Last year I came across Mozy online storage. I signed up for the 2GB of free online storage. Mozy is a dead simple application that works very similar to the most basic backup tools. You select the files you need to backup and while your computer is idle it compresses, encrypts, and transmits your new or changed files to the Mozy servers. Your data can be restored though the Mozy software or accessed online. Not only that but Mozy keeps previous versions of your files for up to 30 days. With only 2 GB of storage you need to be selective about what you backup. For example with only 2 GB I didn't backup any of my family photos. However, recently Mozy changed their pricing to be only $4.95 per month for unlimited data. That really is a price that can't be beat (it actually can't... I've checked).
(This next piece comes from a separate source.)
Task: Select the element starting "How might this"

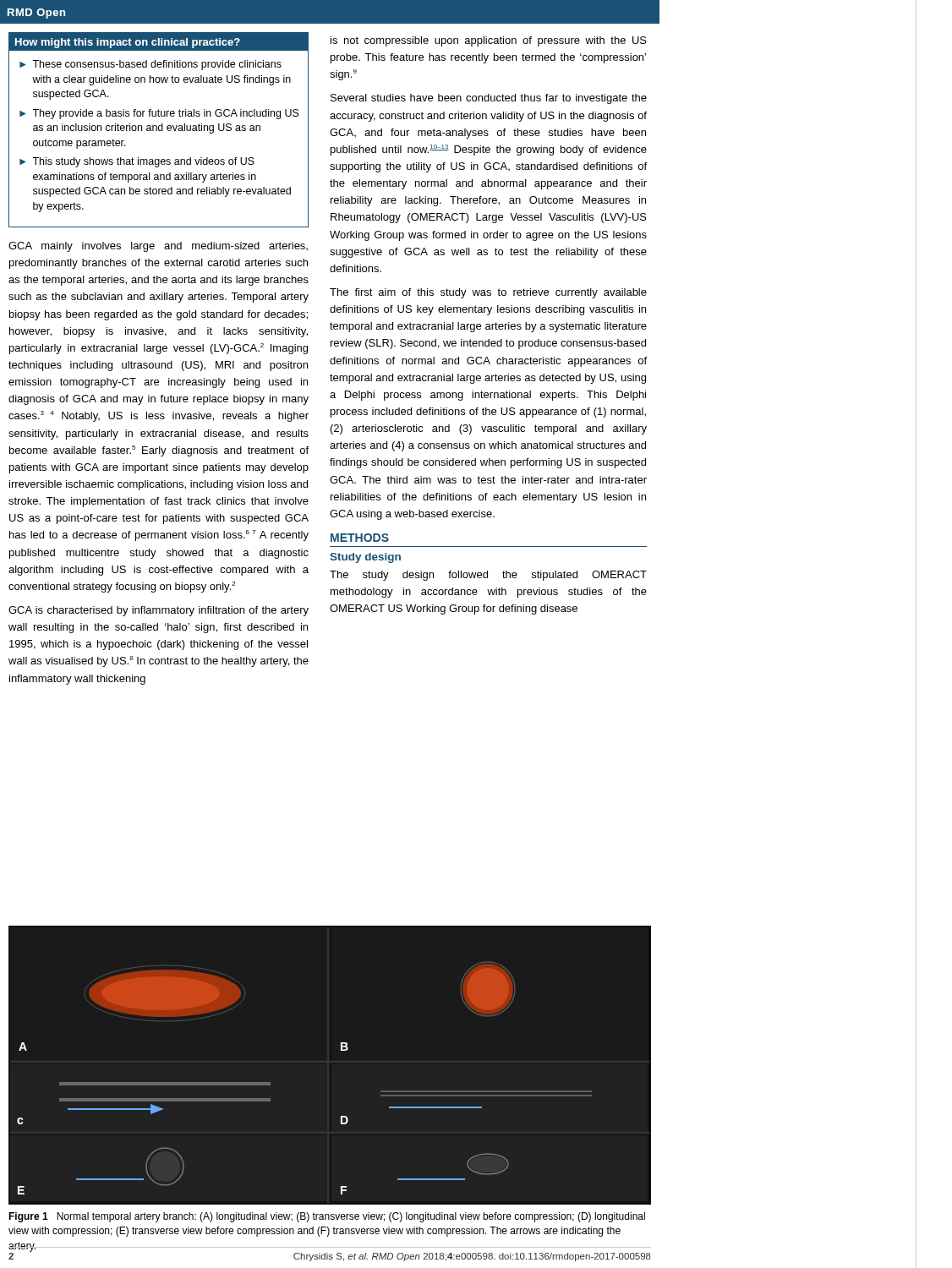Action: (159, 123)
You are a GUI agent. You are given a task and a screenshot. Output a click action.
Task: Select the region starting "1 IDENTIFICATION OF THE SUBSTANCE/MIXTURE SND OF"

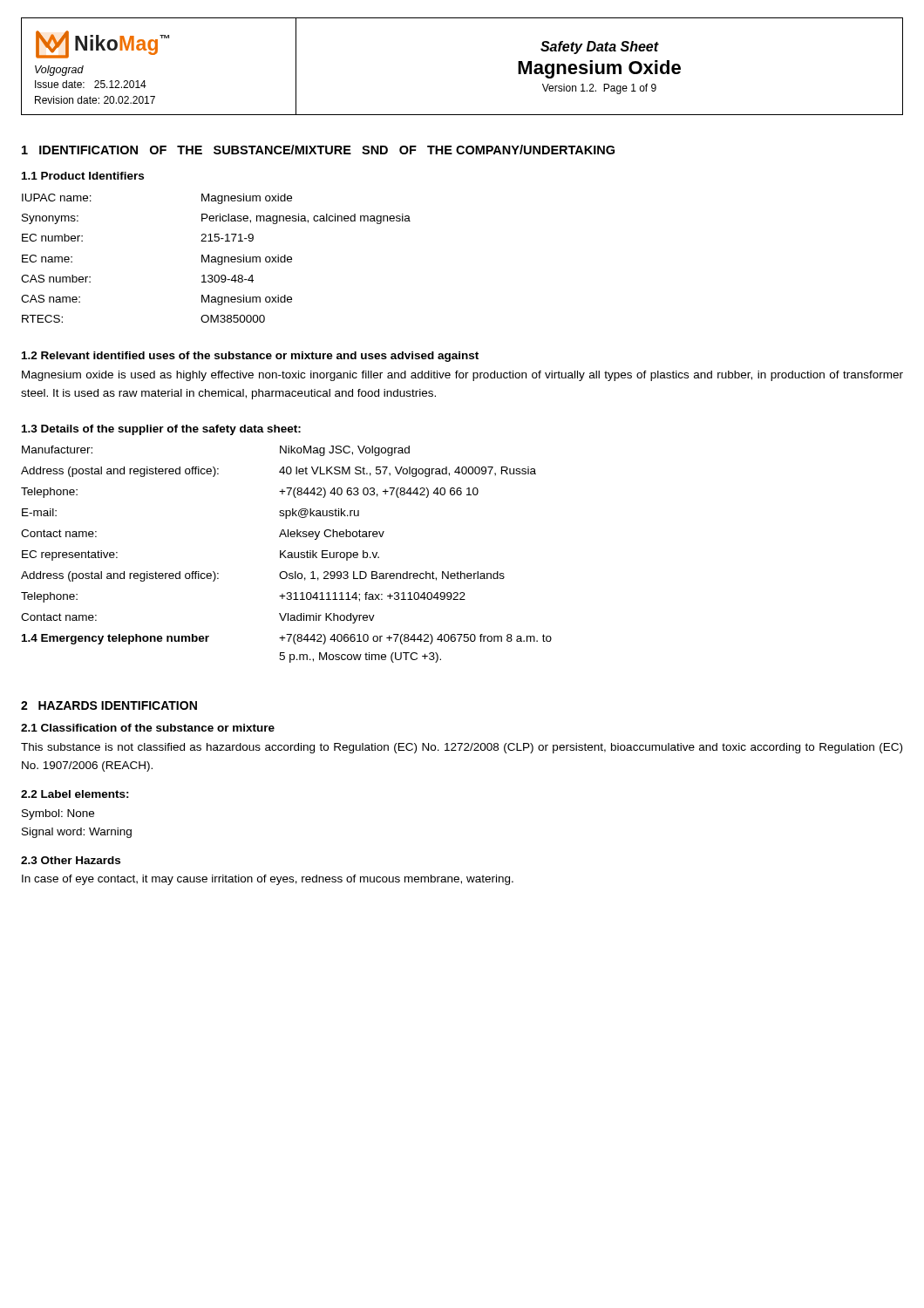(x=318, y=150)

Ok, so now I have all my data on my secondary drive, periodically backed up to my backup drive. I then setup Mozy to backup my backup. Why not backup directly from the data drive? In this setup I know that the backup drive is always the latest. Restoring over the Internet is slow. I only need to restore from Mozy in an extreme emergency (think volcano). Second, since Mozy runs somewhat continuously it can be a waist to backup files that change daily or several times a day. By backing up from the backup drive the schedule I choose for SyncBackSE regulates the backup schedule for Mozy.
How well does this work? I really don't know. Since creating this backup strategy I've not had a HD crash, computer fire, or volcano eruption. If and when it happens I'll let you know how it works... if I have a computer from which to blog.